Perahu yang akan mengantarkan para wisatawan bekeliling selama kurang lebih satu jam ini adalah Perahu Cokroaminoto. Perahu ini bisa memuat hampir 20 orang penumpang dengan beberapa fasilitas yang disediakan seperti pelampung. Karena asih terbilang baru, Wisata Suramadu ini masih banyak membutuhkan beberapa ide maupun saran demi lebih bisa memberikan perasaaan nyaman kepada para wisatawan saat berlayar.

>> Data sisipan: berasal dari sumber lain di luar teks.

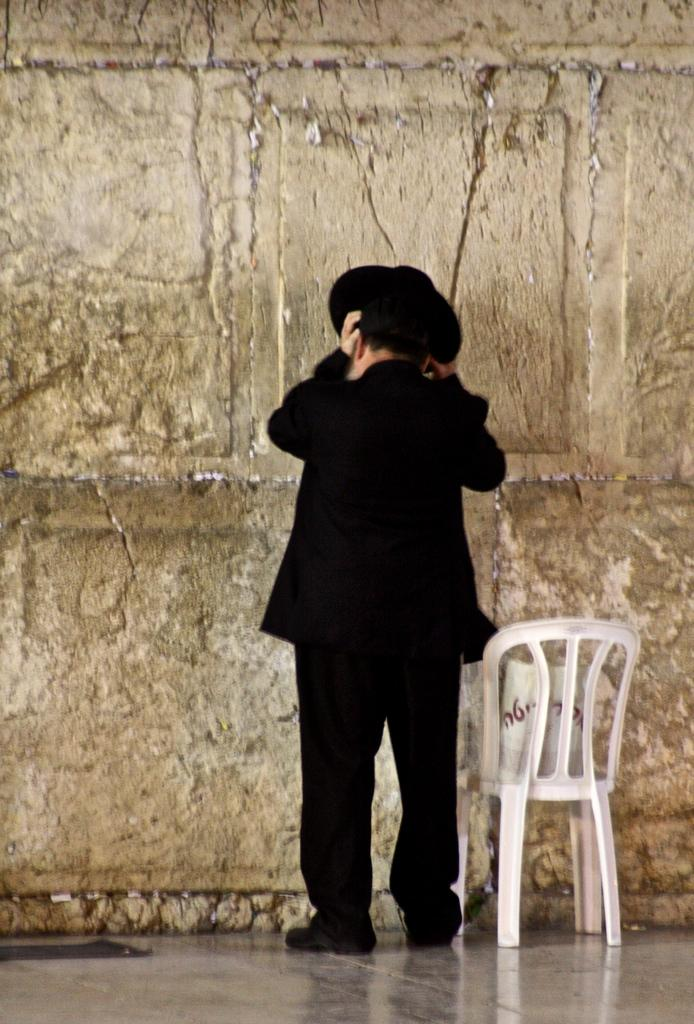Who is present in the image? There is a man in the image. What is the man wearing? The man is wearing a black dress and a black hat. What object is located beside the man? There is a chair beside the man. What is in front of the man? There is a wall in front of the man. What type of cows can be seen teaching in the image? There are no cows or teaching activities present in the image.

Namun, dengan adanya Wisata Suramadu ini menandakan bahwa Madura semakin terus berkembang pesat dalam bidang pariwisata. Memaksimalkan setiap objek wisata yang ada di pulau Garam tersebut. Sekarang para wisatawan yang datag tidak lagi bisa menikmati wisata alam dan wisata religi saja. Tapi pengalaman jenis wisata yang baru dengan sensasi perjalanan yang tidak lagi biasa dari sebelumnya.

Wisata Suramadu Menikmati Indahnya Selat Madura


Selat Madura merupakan salah satu selat yang ada di negeri ini. Selat ini yang menghubungkan antara Pulau Jawa dengan Pulau Madura, meskipun tidak terlalu besar selat Madura memiliki pemandangan yang indah. Dengan adanya Jembatan Suramadu setiap wisatawan yang melewati jembatan bisa menikmati keindahan Selat Madura. Selain dari atsa jembatan kita juga bisa menikamti pemandangan Selat Madura dari arah bawah sambil melihat langsung bangunan Jembatan Suramadu.


Mendapat kesempatan berlayar dengan perahu kayu bersama teman – teman dari Polo Great Travel sangat menyenangkan. Tim Gerbang Pulau Madura, Polo Great Travel dan ASPRIM (Asosiasi Pariwisata Madura) bersama – sama menyeberang menyusuri Selat Madura. Perjalanan kita pada sore waktu itu dimulai dari Pelabuhan Timur Kamal. Sengaja berangkat pada waktu sore hari demi mendapatkan pengalaman melihat sunset dari bawah Jembatan Suramadu.

Polo Great Tour Travel yang berperan untuk memfasilitasi perjalanan paket wisata Suramadu sore itu. Dengan menaiki perahu Cokroaminoto wisatawan akan diajak berkeliling menuju bawah jembatan. Jarak dari Pelabuhan Timur Kamal menuju Jembatan Suramadu cukup jauh karena membutuhkan waktu berlayar selama kurang lebih 30 menit. Saat perjalanan kita begitu menikmati keseruan yang dirasakan pada waktu itu. Hembusan angin laut di sore hari, hempasan ombak laut yang mengantarkan perahu semakin lebih dekat dengan Jembatan Suramadu, meskipun sore itu cuaca sedikit mendung.

Dari atas perahu selama perjalanan para wisatawan juga bisa mengabadikan momen – momen seru fotografi dengan kamera handphone maupun kamera SLR. Ini pengalaman perdana Tim Gerbang Pulau Madura menaiki perahu menyusuri sebagian kecil Selat Madura dan melihat langsung Jembatan Suramadu dari arah bawah.

Sungguh, kita pun tidak bisa mnejelaskan lebih detail lagi keindahan sore hari itu yang ditawarkan. Kurang beberapa meter dari bawah jembatan para wisatawan begitu antusias untuk bisa lebih dekat lagi. Semua yang ada di atas perahu merasa sangat takjub dengan keeksotisan senja sore itu dilihat dari celah – celah bawah jembatan. Perjalanan sore itu berakhir dengan kepuasan semua wisatawan yang mengikuti, Wisata Suramadu dan Selat Madura menjadi pilihan destinasi wisata baru yang patut untuk teman – teman coba bila berkunjung ke Bangkalan - Madura.